Dihedral group of order 6

Dihedral group of order 6

The smallest non-abelian group has 6 elements. It is a dihedral group with notation D3 (or D6, both are used) and the symmetric group of degree 3, with notation S3.

This page illustrates many group concepts using this group as example.

Contents

Symmetry groups

In 2D the group D3 is the symmetry group of an equilateral triangle. In contrast with the case of a square or other polygon, all permutations of the vertices can be achieved by rotation and flipping over (or reflecting).

In 3D there are two different symmetry groups which are algebraically the group D3:

  • one with a 3-fold rotation axis and a perpendicular 2-fold rotation axis (hence three of these): D3
  • one with a 3-fold rotation axis in a plane of reflection (and hence also in two other planes of reflection): C3v

Permutations of a set of three objects

Consider three colored blocks (red, green, and blue), initially placed in the order RGB. Let a be the action "swap the first block and the second block", and let b be the action "swap the second block and the third block".

Cycle graph for the group. A loop specifies a series of powers of any element connected to the identity element (e). For example, the e-ba-ab loop reflects the fact that (ba)2=ab and (ba)3=e, as well as the fact that (ab)2=ba and (ab)3=e The other "loops" are roots of unity so that, for example a2=e.

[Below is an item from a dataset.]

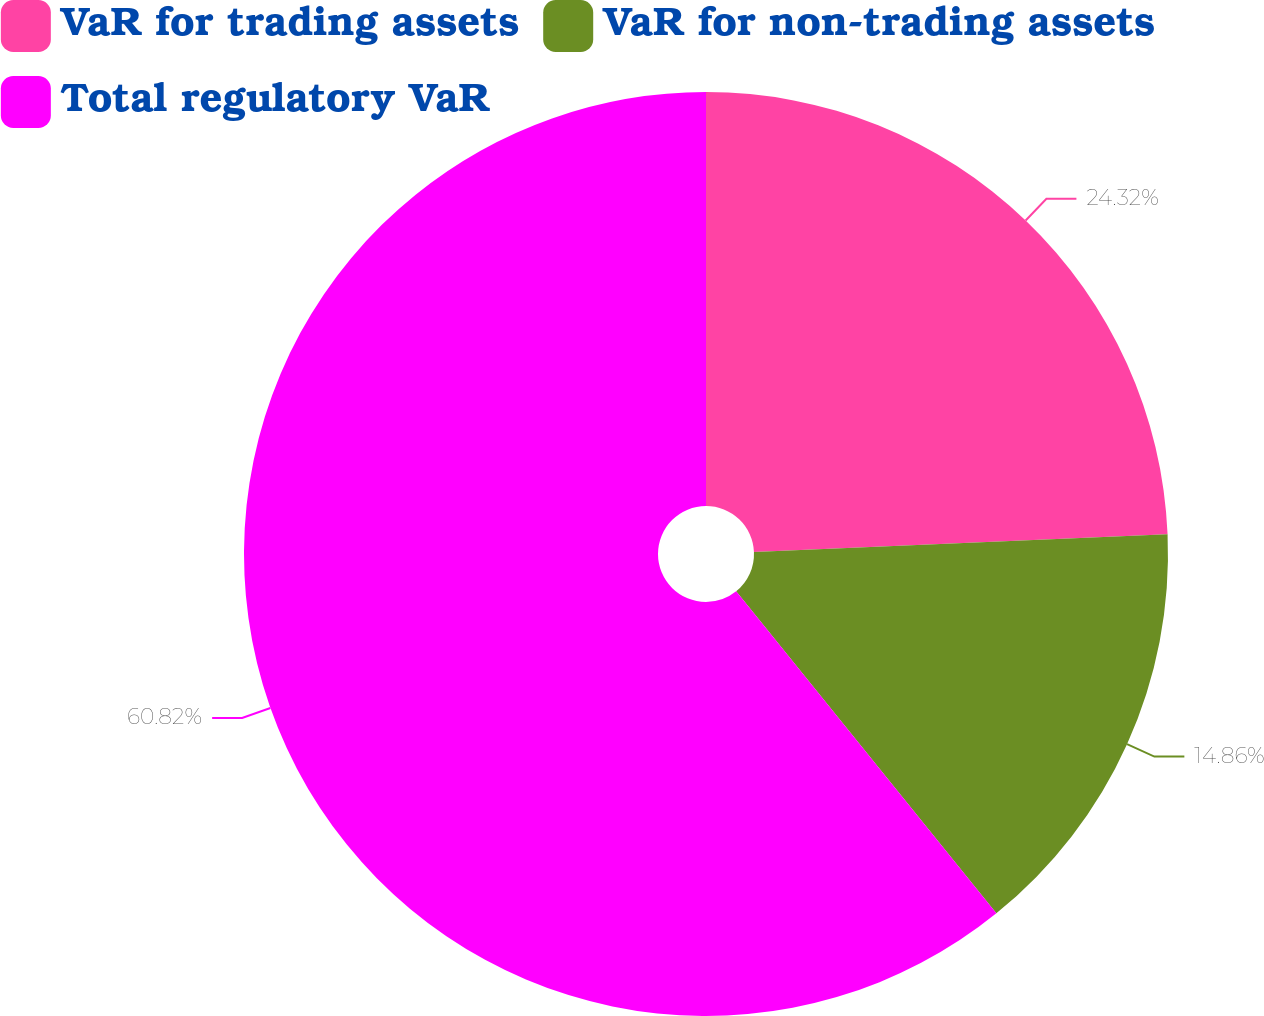<chart> <loc_0><loc_0><loc_500><loc_500><pie_chart><fcel>VaR for trading assets<fcel>VaR for non-trading assets<fcel>Total regulatory VaR<nl><fcel>24.32%<fcel>14.86%<fcel>60.81%<nl></chart>

In multiplicative form, we traditionally write xy for the combined action "first do y, then do x"; so that ab is the action RGB → RBG → BRG, i.e., "take the last block and move it to the front". If we write e for "leave the blocks as they are" (the identity action), then we can write the six permutations of the set of three blocks as the following actions:

  • e : RGB → RGB or ()
  • a : RGB → GRB or (RG)
  • b : RGB → RBG or (GB)
  • ab : RGB → BRG or (RBG)
  • ba : RGB → GBR or (RGB)
  • aba : RGB → BGR or (RB)

Note that the action aa has the effect RGB → GRB → RGB, leaving the blocks as they were; so we can write aa = e. Similarly,

  • bb = e,
  • (aba)(aba) = e, and
  • (ab)(ba) = (ba)(ab) = e;

so each of the above actions has an inverse.

By inspection, we can also determine associativity and closure; note for example that

  • (ab)a = a(ba) = aba, and
  • (ba)b = b(ab) = aba.

The group is non-abelian since, for example, abba. Since it is built up from the basic actions a and b, we say that the set {a,b} generates it.

The group has presentation

\langle r, a \mid r^3 = 1, a^2 = 1, ara = r^{-1} \rangle, also written \langle r, a \mid r^3, a^2, arar \rangle
or
\langle a, b \mid a^2 = b^2 = (ab)^3 = 1 \rangle, also written \langle a, b \mid a^2, b^2, (ab)^3 \rangle

where a and b are swaps and r is a cyclic permutation.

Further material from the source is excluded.